INTERVIEWS
DIALOG
Raus aus dem gelobten Land
Armin Peter
Perspektivlosigkeit in Zeiten der Krise und wachsender Fremdenhass vertreiben immer mehr illegale Migranten aus Griechenland. Sie kehren lieber in ihre unsichere Heimat zurück – und hoffen dort auf einen Neuanfang.
Vor der pakistanischen Botschaft in Athen herrscht Gedränge. Etwa 70 Männer warten vor dem verwaschenen Betonbau mit abgedunkelten Fenstern, um Pässe und Visa zu beantragen. Viele von ihnen sind illegal ins Land gekommen und haben bei der Einreise alle Papiere vernichtet, um ihre Herkunft zu verschleiern. Jetzt, da die Krise Europa fest im Griff hat, möchten sie zurück in die Heimat. Doch nicht nur der ökonomische Druck treibt sie aus dem Land: Ausländerfeindliche Einstellungen haben in Griechenland erheblich zugenommen. Schlägertrupps der rechtsradikalen Partei „Goldene Morgenröte“ ziehen mit Baseballschlägern und Hunden durch Athen und verprügeln jeden, den sie für einen Migranten halten. Unter den Männern vor der pakistanischen Botschaft gibt es niemanden, der keine Angst hat.
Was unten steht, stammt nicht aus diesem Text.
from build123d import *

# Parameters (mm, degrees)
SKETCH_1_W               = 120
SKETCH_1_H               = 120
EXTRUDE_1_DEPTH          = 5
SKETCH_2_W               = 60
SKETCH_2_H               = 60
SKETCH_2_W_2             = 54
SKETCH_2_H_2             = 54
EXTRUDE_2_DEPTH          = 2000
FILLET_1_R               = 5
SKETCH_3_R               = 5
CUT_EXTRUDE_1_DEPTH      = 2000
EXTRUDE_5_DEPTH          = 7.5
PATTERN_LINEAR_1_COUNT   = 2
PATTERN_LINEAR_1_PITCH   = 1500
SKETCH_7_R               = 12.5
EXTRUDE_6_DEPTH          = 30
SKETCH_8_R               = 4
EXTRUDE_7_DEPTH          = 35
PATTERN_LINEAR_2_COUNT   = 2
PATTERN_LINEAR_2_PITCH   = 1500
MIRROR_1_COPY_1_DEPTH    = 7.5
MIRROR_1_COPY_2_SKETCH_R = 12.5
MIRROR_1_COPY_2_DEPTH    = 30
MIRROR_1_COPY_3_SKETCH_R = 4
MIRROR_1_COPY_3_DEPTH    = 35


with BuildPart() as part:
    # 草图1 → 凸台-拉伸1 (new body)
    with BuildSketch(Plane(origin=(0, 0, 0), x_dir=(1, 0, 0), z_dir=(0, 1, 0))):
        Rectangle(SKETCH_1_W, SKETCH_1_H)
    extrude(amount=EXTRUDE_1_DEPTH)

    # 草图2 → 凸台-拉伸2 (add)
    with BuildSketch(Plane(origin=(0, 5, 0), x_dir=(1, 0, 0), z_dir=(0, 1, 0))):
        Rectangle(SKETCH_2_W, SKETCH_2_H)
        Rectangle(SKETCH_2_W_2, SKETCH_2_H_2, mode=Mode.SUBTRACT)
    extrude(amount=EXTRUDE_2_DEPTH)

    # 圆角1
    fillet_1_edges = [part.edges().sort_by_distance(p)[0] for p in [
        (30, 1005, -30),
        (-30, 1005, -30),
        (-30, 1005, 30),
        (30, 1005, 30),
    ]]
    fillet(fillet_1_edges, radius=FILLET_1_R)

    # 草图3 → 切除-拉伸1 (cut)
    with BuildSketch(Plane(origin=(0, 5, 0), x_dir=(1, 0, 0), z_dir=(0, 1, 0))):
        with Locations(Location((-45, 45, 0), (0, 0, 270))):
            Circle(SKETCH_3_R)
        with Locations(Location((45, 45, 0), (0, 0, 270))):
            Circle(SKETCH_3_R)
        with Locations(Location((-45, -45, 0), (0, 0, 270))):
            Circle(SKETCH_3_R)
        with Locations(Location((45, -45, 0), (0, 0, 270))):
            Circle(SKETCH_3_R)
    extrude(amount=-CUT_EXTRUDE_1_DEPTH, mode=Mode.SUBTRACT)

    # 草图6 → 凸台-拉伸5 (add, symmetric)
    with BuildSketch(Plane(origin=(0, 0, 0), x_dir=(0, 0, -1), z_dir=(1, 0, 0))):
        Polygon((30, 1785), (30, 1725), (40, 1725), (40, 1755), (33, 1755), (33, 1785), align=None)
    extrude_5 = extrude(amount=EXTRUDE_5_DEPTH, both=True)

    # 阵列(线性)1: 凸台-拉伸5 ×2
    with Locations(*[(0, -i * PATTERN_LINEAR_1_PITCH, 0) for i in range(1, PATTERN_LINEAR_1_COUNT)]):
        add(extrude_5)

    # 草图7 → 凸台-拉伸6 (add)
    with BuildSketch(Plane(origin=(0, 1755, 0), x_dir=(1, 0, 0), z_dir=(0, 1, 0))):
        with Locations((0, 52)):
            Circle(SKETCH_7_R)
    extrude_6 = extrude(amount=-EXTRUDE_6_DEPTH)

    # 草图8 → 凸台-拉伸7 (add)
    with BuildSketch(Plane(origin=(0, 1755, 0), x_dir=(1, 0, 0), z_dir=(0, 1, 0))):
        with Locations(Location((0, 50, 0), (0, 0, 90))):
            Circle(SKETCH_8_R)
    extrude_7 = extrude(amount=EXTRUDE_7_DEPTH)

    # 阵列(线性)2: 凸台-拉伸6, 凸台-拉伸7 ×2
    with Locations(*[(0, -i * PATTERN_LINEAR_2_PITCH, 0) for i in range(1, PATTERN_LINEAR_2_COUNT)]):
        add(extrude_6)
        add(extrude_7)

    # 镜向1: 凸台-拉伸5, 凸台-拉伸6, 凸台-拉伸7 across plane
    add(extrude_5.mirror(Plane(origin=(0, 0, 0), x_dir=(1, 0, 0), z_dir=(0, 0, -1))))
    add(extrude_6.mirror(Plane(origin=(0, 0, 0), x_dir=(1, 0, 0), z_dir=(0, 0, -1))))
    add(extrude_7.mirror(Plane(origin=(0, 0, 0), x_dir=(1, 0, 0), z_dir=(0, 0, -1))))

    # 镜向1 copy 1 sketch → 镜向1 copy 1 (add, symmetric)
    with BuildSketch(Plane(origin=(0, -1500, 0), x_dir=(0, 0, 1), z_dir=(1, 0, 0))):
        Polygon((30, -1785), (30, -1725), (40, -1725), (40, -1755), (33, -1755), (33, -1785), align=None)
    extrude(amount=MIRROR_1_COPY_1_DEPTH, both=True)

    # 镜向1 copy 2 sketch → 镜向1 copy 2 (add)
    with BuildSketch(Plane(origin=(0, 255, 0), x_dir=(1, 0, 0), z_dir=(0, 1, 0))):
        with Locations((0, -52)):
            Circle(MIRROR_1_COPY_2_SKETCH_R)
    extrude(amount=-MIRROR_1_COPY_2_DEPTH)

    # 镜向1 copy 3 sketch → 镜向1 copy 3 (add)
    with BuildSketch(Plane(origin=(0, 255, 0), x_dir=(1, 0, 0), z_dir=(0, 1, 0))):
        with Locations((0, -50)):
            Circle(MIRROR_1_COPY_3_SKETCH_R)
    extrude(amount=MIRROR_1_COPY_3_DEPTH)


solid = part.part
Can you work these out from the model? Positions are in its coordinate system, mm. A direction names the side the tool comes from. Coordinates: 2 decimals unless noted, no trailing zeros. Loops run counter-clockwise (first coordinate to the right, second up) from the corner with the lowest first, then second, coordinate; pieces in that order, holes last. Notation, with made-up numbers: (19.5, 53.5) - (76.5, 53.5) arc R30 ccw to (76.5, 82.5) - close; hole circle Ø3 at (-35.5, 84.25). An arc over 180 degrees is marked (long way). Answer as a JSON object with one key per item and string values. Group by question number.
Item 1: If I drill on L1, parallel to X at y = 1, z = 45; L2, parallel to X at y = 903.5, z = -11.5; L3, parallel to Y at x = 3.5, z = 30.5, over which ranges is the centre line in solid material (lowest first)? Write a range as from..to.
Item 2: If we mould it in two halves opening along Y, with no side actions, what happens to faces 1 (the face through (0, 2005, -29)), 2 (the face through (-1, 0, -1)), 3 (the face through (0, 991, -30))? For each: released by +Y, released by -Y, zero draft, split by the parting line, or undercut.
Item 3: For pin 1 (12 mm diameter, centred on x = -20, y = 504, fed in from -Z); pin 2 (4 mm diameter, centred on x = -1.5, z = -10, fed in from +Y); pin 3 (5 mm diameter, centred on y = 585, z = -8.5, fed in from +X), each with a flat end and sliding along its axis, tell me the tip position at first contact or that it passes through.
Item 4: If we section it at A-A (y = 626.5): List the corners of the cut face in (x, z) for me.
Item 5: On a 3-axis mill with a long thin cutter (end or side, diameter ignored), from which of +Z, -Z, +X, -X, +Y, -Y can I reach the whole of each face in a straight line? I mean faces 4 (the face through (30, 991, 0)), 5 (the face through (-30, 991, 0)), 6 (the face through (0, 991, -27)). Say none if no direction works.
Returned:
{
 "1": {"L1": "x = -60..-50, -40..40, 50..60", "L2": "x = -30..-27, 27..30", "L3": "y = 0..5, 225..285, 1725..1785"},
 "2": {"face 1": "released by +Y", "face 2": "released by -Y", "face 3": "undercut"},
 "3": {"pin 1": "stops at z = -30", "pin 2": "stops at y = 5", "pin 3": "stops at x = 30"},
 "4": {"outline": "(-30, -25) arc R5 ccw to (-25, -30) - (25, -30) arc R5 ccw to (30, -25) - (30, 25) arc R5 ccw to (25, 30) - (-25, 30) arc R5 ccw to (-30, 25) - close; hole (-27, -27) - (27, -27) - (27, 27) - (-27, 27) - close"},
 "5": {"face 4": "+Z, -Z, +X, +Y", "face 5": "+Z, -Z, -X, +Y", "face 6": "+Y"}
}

Pakistanis warten vor der Botschaft ihres Heimatlandes – viele haben bei der Einreise ihren Pass zerrissen.
(Foto: T. Trompoukis)
„Wenn sie nachts einen Afghanen, Pakistaner oder Bangladeschi sehen, schlagen sie ihn halbtot und nehmen seinen Pass, das Geld und das Handy – dann lassen sie ihn liegen“, sagt Muhammad, ein unauffälliger, schmaler Mann mit leichten grauen Strähnen. Der 28-Jährige kam vor neun Jahren von Pakistan nach Griechenland – jetzt will er nur noch weg. Seinen richtigen Namen möchte er nicht verraten, fotografieren lässt er sich nicht mal von hinten. Mit einigen Freunden steht er schon seit einigen Stunden Schlange. Sie bilden eine Traube um Muhammad und verfolgen aufmerksam das Interview. „Vor der Krise war das Leben hier sehr schön, aber jetzt gibt es nur noch zwei oder drei Tage pro Monat Arbeit“, sagt Muhammad. „Ich verlasse mein Haus nur zum Arbeiten und komme danach sofort zurück. Nach sieben Uhr abends gehe ich gar nicht mehr weg.“
Gesellschaftliches Klima wird rauer
Wie so viele andere Illegale wurde auch Muhammad von Menschenschmugglern über den Iran und die Türkei eingeschleust. Er nahm die Strapazen der gefährlichen Reise auf sich, hoffte auf ein besseres Leben. 2003 war das, und die Reise kostete ihn 4000 Euro. Einige Jahre lang habe er in der Stahl- und Aluminiumindustrie gearbeitet, so Muhammad. Dann wurde es immer schwieriger.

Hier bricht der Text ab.